Now, if I know the name of the variable I can access it in the same way as it's done in the server code (one fo examples found by
grep):
entry= (user_var_entry*)my_hash_search(&thd->user_vars,
(uchar*)lex->prepared_stmt_code.str,
lex->prepared_stmt_code.length);
Basically, we need to pass variable name and the length of this name:
(gdb) set $uvar=(user_var_entry *)(my_hash_search(&(do_command::thd->user_vars), "e", strlen("e")))
[Thread 0x7fc5995b4700 (LWP 2848) exited]
(gdb) p *$uvar
$1 = {static extra_size = 8, m_ptr = 0x7fc5b23b41c0 "\002", m_length = 64,
m_type = DECIMAL_RESULT, m_owner = 0x7fc59accc000, m_catalog = {
str = 0x7665602e60616d65 <Address 0x7665602e60616d65 out of bounds>,
length = 7593481698565975653}, entry_name = {m_str = 0x7fc59adf9330 "e",
m_length = 1}, collation = {collation = 0x1ded740,
derivation = DERIVATION_IMPLICIT, repertoire = 3}, update_query_id = 444,
used_query_id = 444, unsigned_flag = false}
...
(gdb) p *((my_decimal *)$uvar->m_ptr)
$4 = {<st_decimal_t> = {intg = 2, frac = 1, len = 9, sign = 0 '\000',
buf = 0x7fc5b23b41d8}, buffer = {10, 500000000, 0, 0, 0, 0, 257, 0,
-1697445128}}
I highlighted some parts that eventually should help to pretty print decimal values.

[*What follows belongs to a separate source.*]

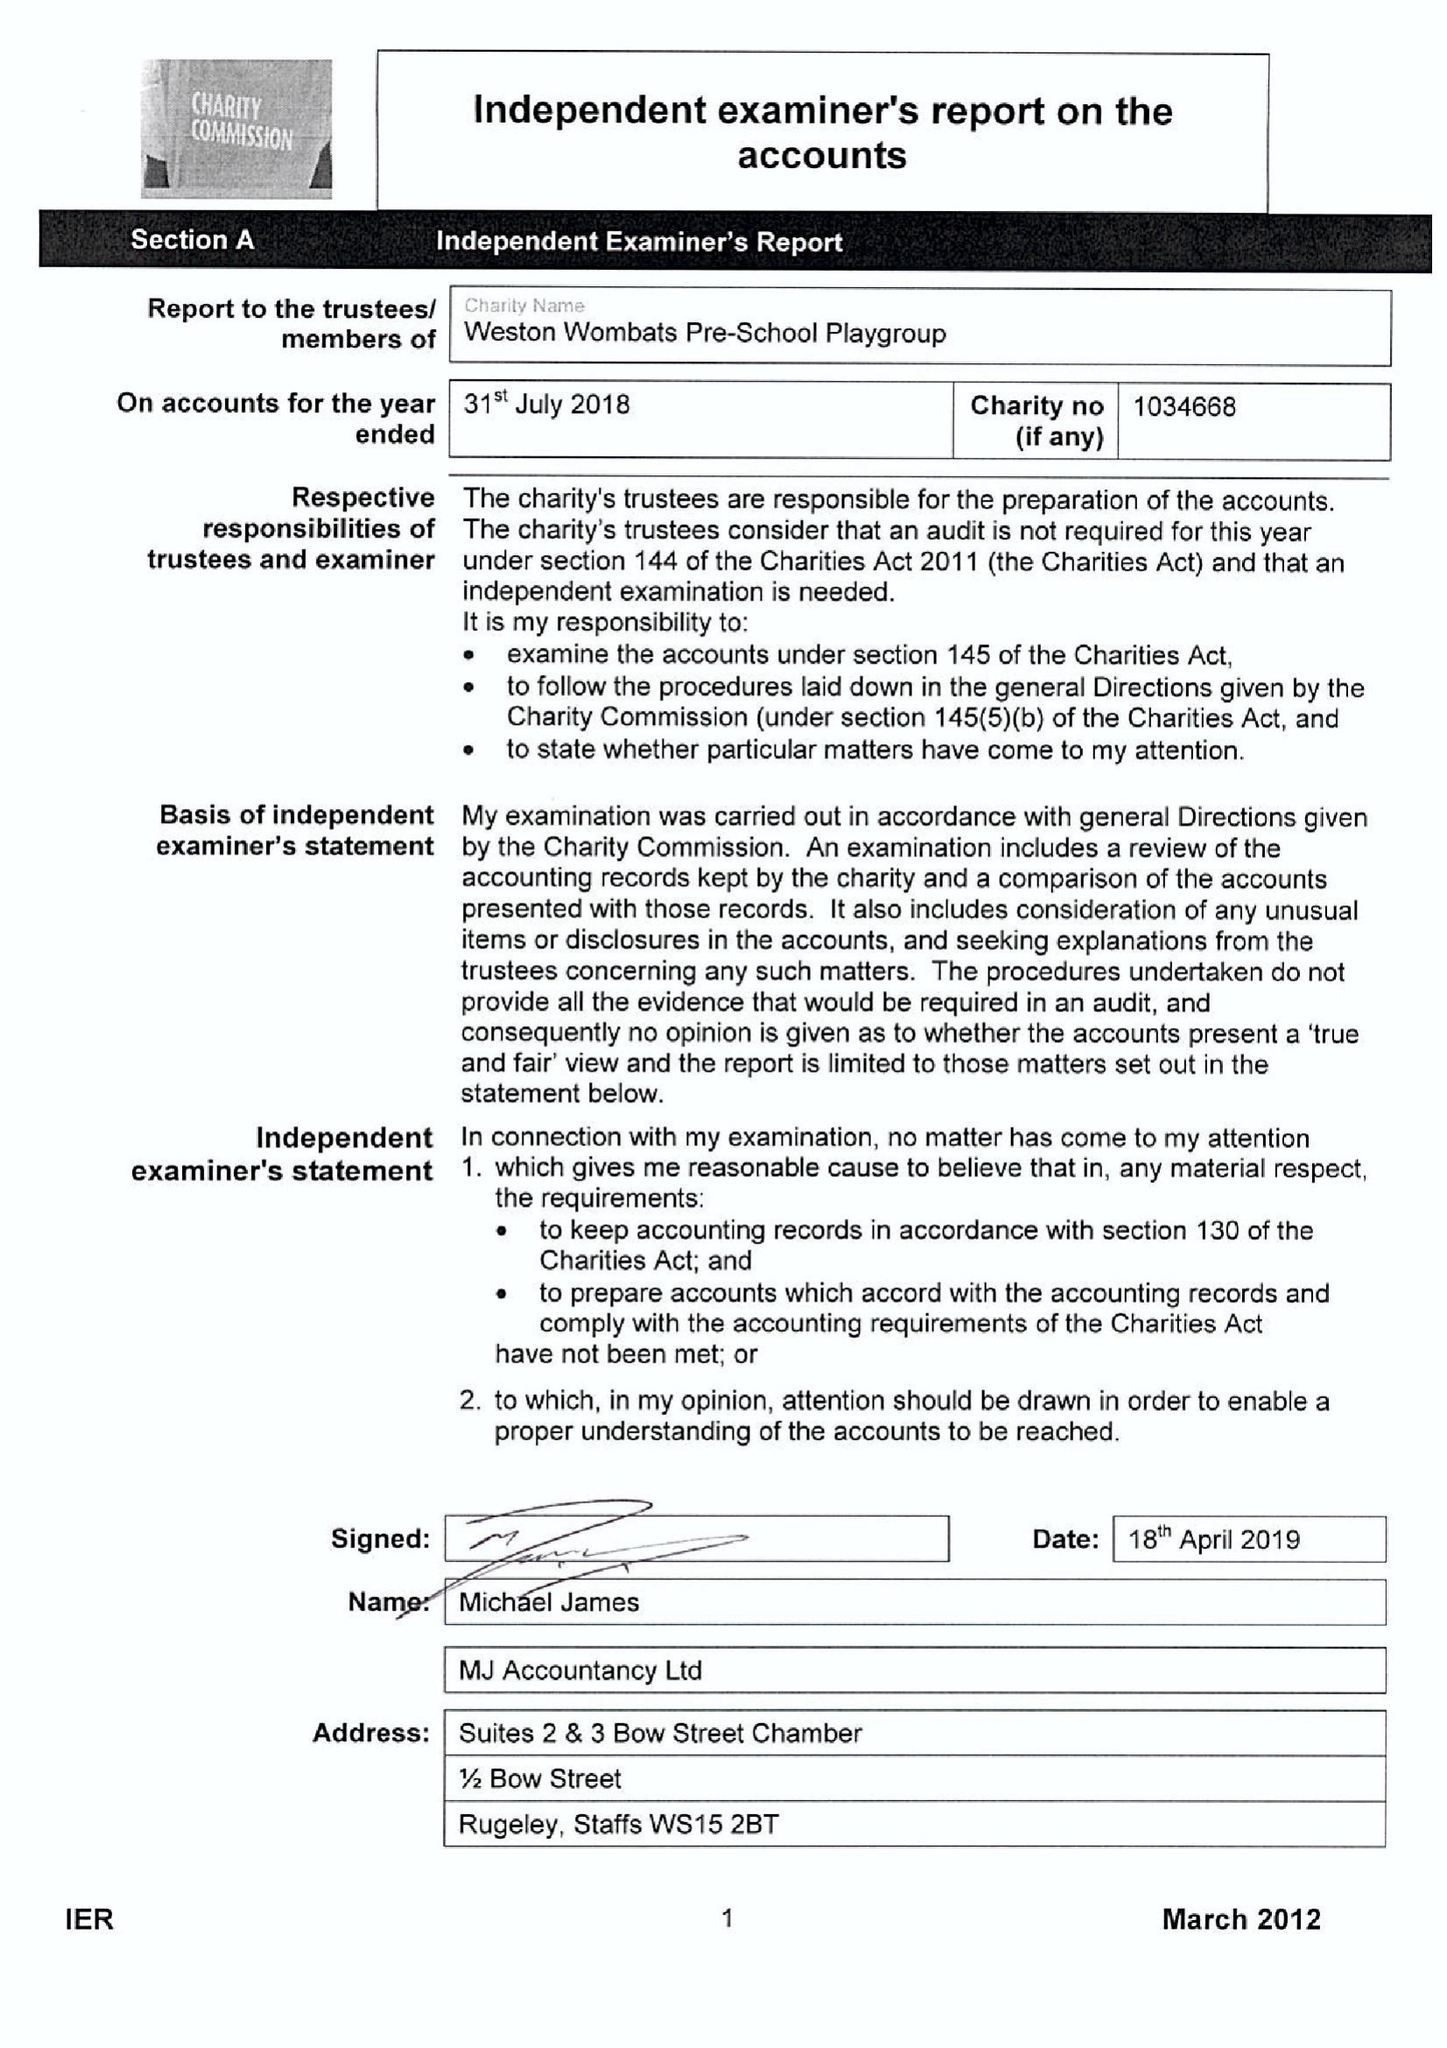What is the value for the report_date?
Answer the question using a single word or phrase. 2018-07-31

With just strings it's also not that trivial:
...
$5 = {static extra_size = 8, m_ptr = 0x7fc59adf9148 "aaa", m_length = 3,
m_type = STRING_RESULT, m_owner = 0x7fc59accc000, m_catalog = {
str = 0x41272c275441434e <Address 0x41272c275441434e out of bounds>,
length = 6075168230325441358}, entry_name = {m_str = 0x7fc59adf9150 "a",
m_length = 1}, collation = {collation = 0x1ded740,
derivation = DERIVATION_IMPLICIT, repertoire = 3}, update_query_id = 430,
used_query_id = 426, unsigned_flag = false}
(gdb) p *$uvar->m_ptr
$6 = 97 'a'
We can not simply print the pointer in a hope, as this is not a null-terminated string.
I am too tired to create a useful summary right now, but you can see that essentially it's easy (even if not trivial) to get all the details about the user variables defined in any session with
gdb, both from working process or from core dump. Enjoy!